Plus, Monkey Man addresses the inequities of India’s caste system in ways more pointed than you would expect. The glimpses of Mumbai poverty are brief but harsh, and at one point Kid takes refuge in a temple of abused transgender women led by Alpha (Vipin Sharma), who delivers the necessary mentor mantras to get the hero back on his feet.

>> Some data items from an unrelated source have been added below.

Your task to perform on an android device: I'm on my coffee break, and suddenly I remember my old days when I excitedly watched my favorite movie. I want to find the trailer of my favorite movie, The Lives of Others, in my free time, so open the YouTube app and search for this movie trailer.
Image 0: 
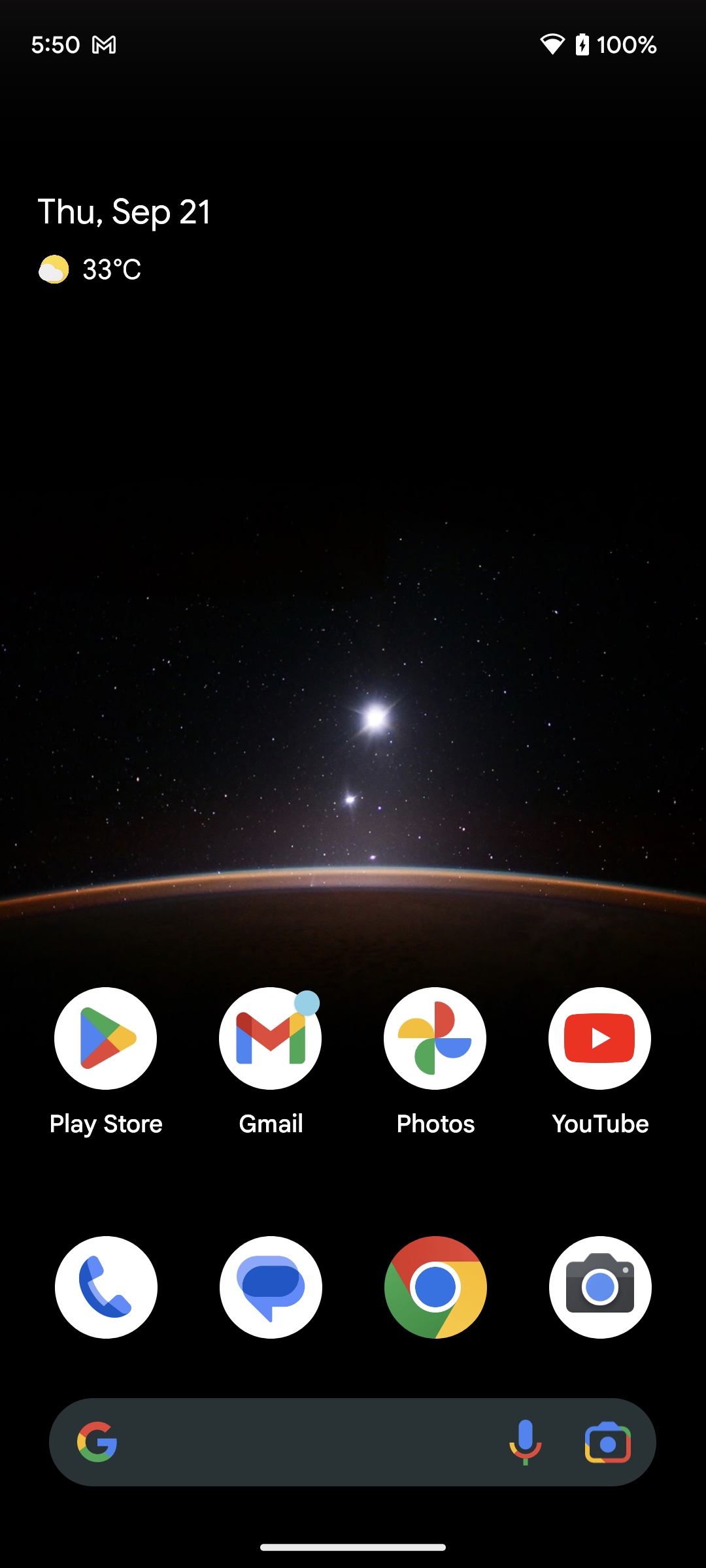
Open the YouTube app
Step 0: open app "YouTube"
Image 1: 
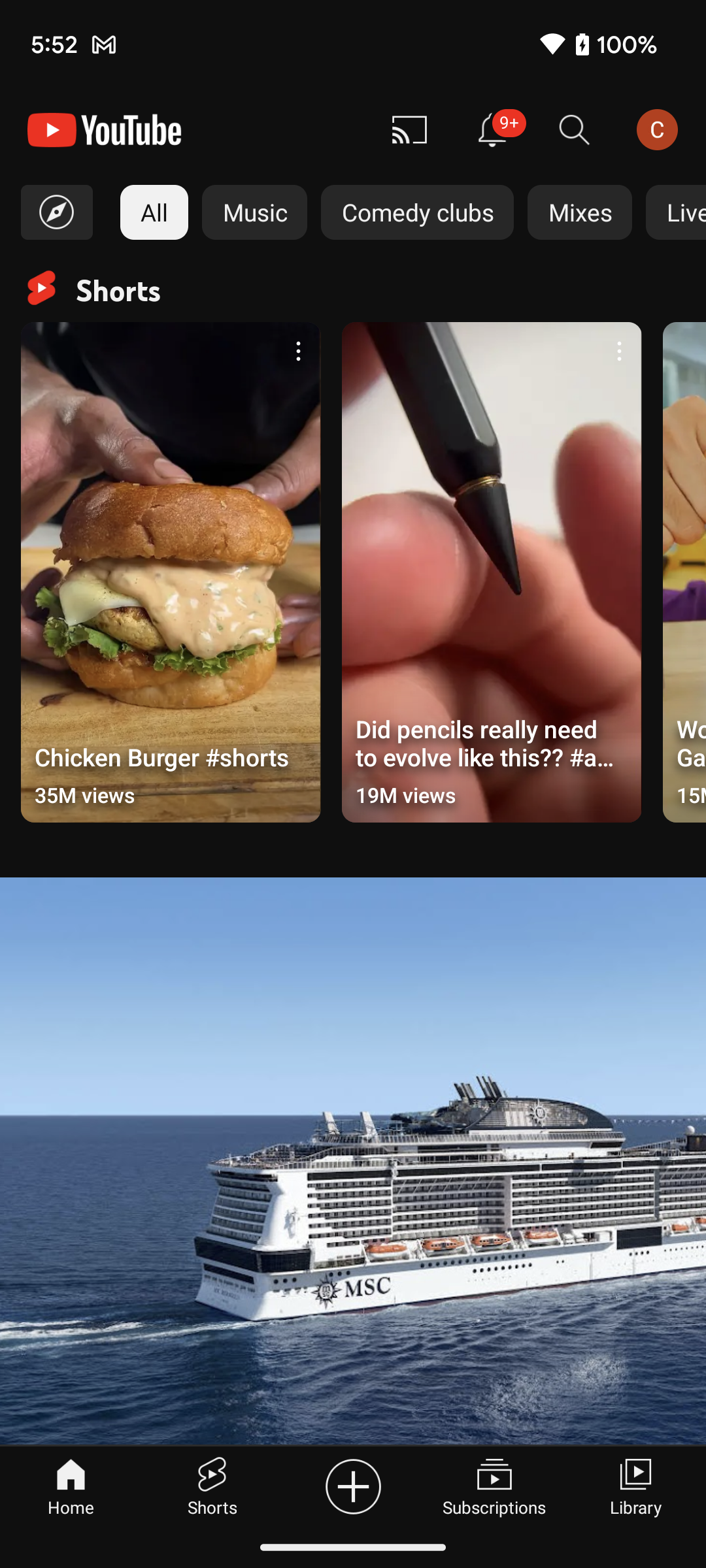
Click on the search icon at the top right corner of the screen 
Step 1: click (575, 130)
Image 2: 
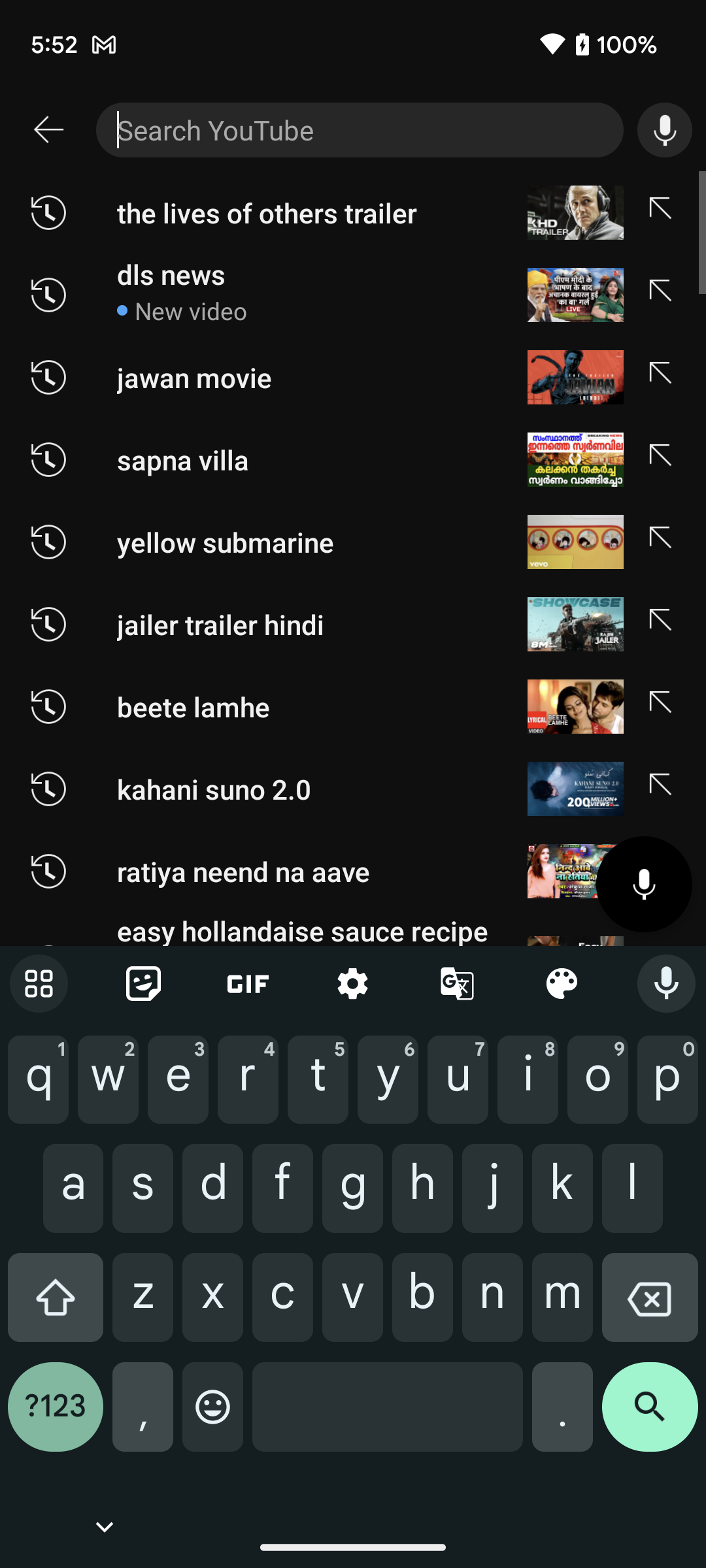
Type The Lives of Others trailer in the search bar at the top of the screen
Step 2: type "The Lives of Others trailer"
Image 3: 
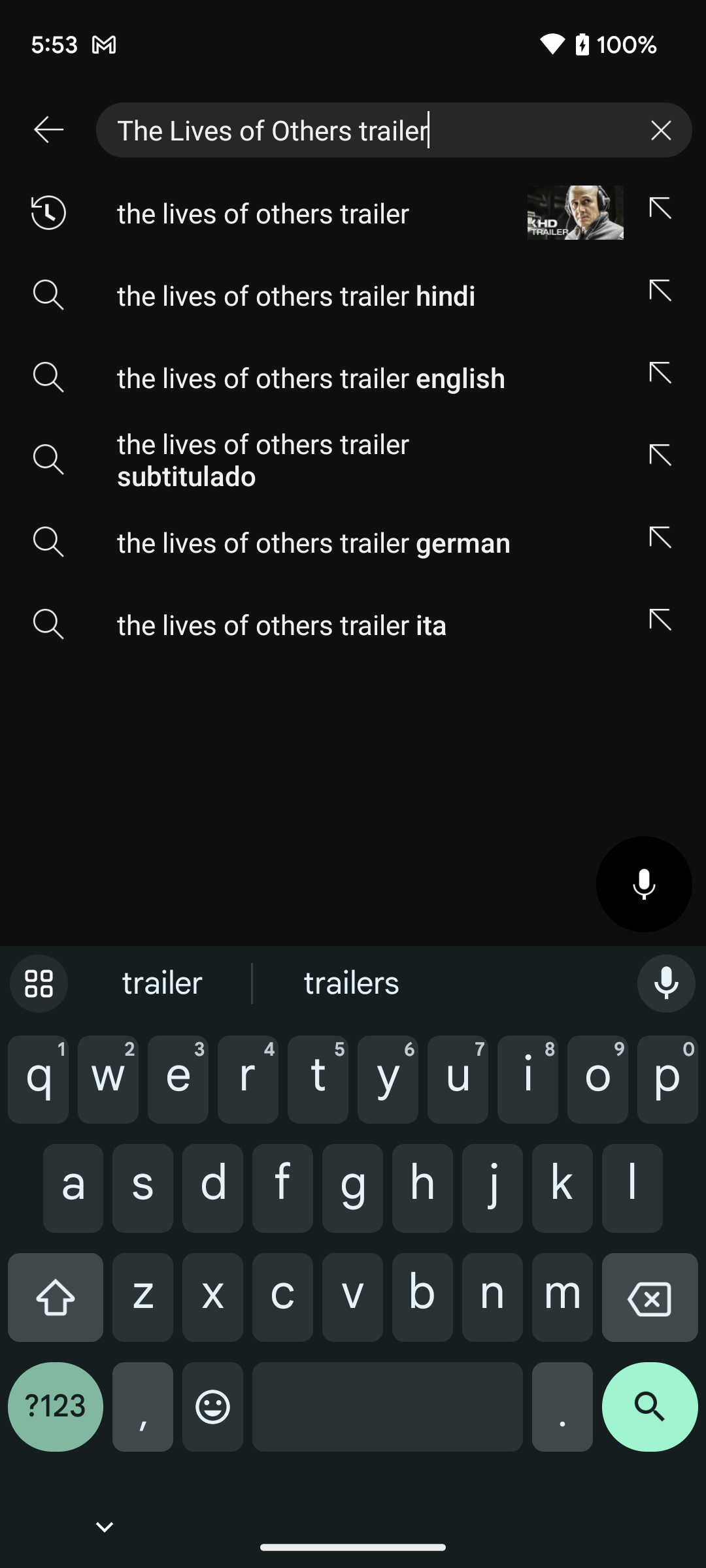
Click on the search icon at the bottom right corner of the screen to view the search result
Step 3: click (650, 1417)

There’s also the matter of the movie’s main villain, Baba Shakti – a white-haired ultranationalist power broker who whips worshipful mobs into a frenzy and who may have looked a little too much like India’s prime minister Narendra Modi for Netflix. The streaming giant, which counts India as one of its biggest markets, bought “Monkey Man” after it was filmed in 2021 but let it sit on the shelf for three years until Jordan Peele and Universal Pictures opted to give it a theatrical release. With Netflix balking and India rumoured to be delaying the film’s release or planning to heavily censor it, the irony is that Patel may have done something more daring WITH Monkey Man than anything he actually does IN it.

Two and one-half stars. Rated R. At theaters. Strong bloody violence throughout, sexual content/nudity and drug use. 121 minutes.

Rating guide: Four stars masterpiece, three stars very good, two stars okay, one star poor, no stars waste of time.